Atkins also led Info-to-Go, providing Knox County Public Schools interlibrary loan access to Knox County Public and UT Libraries. And he spearheaded the development of the Firefly Courier, a courier service that allows hundreds of libraries statewide to share their resources.

Steve Escar Smith, dean of UT Libraries, said Atkins impact has been far-reaching.

“In 2012 he was honored with the Resource Sharing Award by Tenn-Share, the Tennessee state library consortium,” he said. “David has also led research teams and established cooperative library projects around the world, including Australia, Africa, and Tasmania.”

To Atkins, it’s all about the library playing multiple roles in today’s world.

“For libraries to remain important and vital they have to be able to help people wherever they are and whatever they are doing,” he said.

For Hodges Library, a key piece of real estate in the center of campus, that means viewing the library as a space, a service, and a collection—and figuring out what will best contribute to student success.

When he’s not working, Atkins hits the trails in the Smoky Mountains to peruse nature’s library.

His favorite hike?

“The next one,” he quipped.

Alesha Shumar

Alesha Shumar pictured herself being a history teacher. And, as university archivist, she is.

“It’s kind of like working with history firsthand,” she said.

Shumar earned her undergraduate degree in history and geography education at Indiana University of Pennsylvania, a public university in Indiana County, Pennsylvania. Her love of archives was sparked by working in that university’s archives and special collections.

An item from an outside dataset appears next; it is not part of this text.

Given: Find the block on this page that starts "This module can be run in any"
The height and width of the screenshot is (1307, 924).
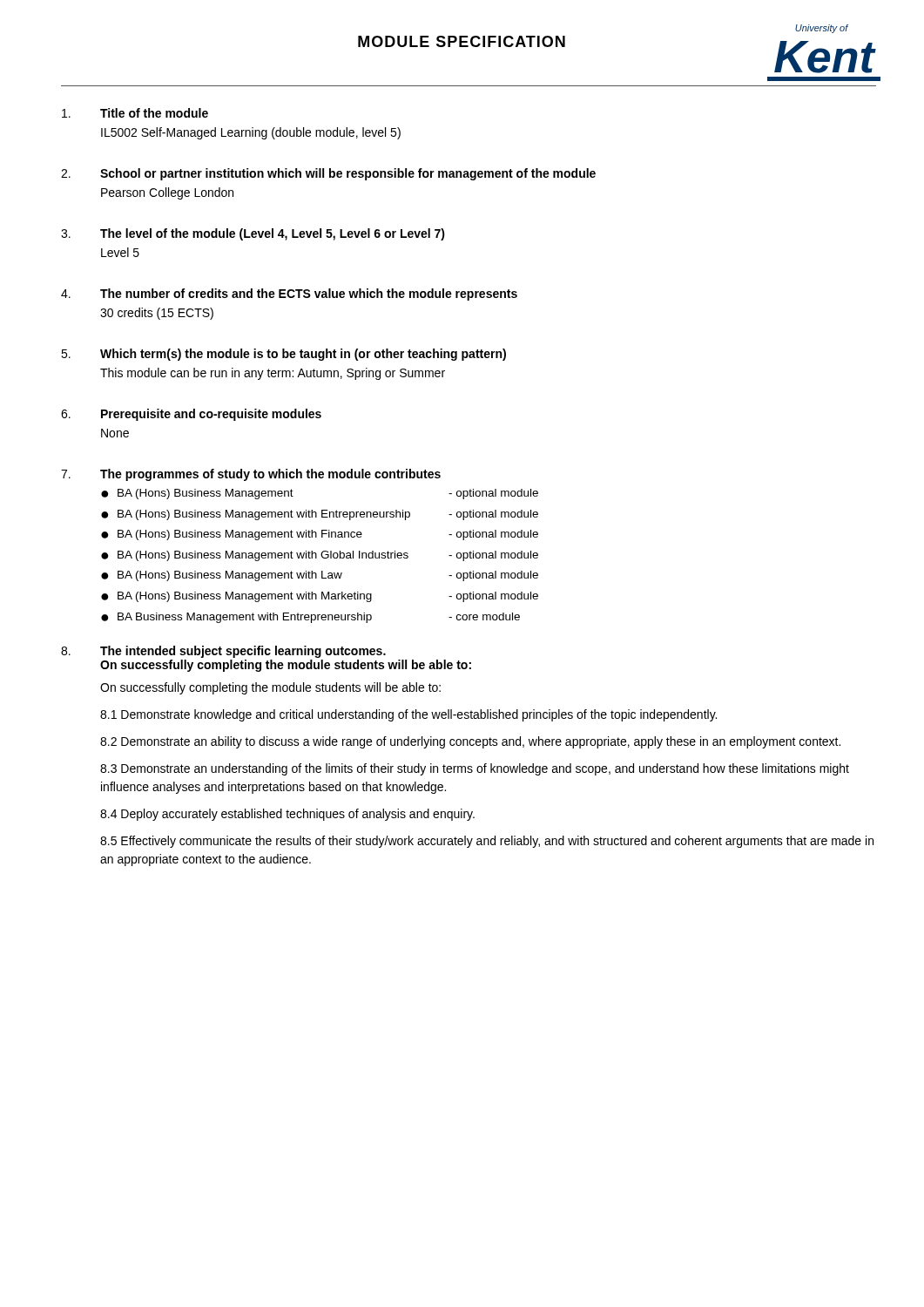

It grew when she studied abroad in Cyprus, processing artifacts from an archaeological project for a local museum.

She earned her master’s degree in library and information science at the University of Pittsburgh and came to UT in 2010.

Alesha Head-shots 2015-2

On any given day, Shumar might be teaching students how to use the library archives or building a display to showcase some of the unique items in UT Libraries Special Collections, such as the Andrew Jackson family Bible or the papers of Dr. William Bass, professor emeritus and founder of the Body Farm.

“You learn something new every day,” she said. “This job makes you really, really good at trivia.”

One of her biggest projects involves digitizing old UT documents, including yearbooks, football and basketball programs, student newspapers, course catalogs dating back to the late 1800s, and handwritten ledgers of the Board of Trustees from early 1900s. They are scanned so they can be viewed and searched online.

“In the archives and Special Collections, we are really focused on access and getting information to our researchers where they are,” she said.

Smith said Shumar was one of the first archivists in the country to become a certified as a digital archives specialist by the Academy of Certified Archivists.

“She has revolutionized the operation of our University Archives and is the expert on UT history,” he said.

Shumar is compiling tidbits of UT history for displays in the new Student Union. She’s building timelines, piecing together stories of illustrious faculty members, and providing details of many longstanding traditions on campus.

“Not all campuses involve their university archives when they build a new student center,” she said. “The campus community is going to love it.”

Shumar’s pet project has been creating an interactive historical map of campus. In time, she hopes it can be incorporated into the university’s mobile app. As a person walks around campus—passing, for instance, Hodges Library—a historical photo of the building will pop up along with some facts.

When she’s not at work, Shumar enjoys traveling and relaxing with her French bulldog, Pierogi. His name, taken from a Polish dish, means “little dumpling.”

She indulges her love of history by collecting old maps—her prize is a rare colored map from the 1800s that she found in Cyprus—and old postcards gleaned from bookstores. Her favorites are the World War II–era postcards written by soldiers to their families back home.

“You wonder what happed to those people,” she said.

Other than those treasures, she tries to streamline her life.

“Personally, I don’t collect a lot of things,” she said. “With this job, you really know what is important to keep. When I go home, I don’t want to be around things piled up.”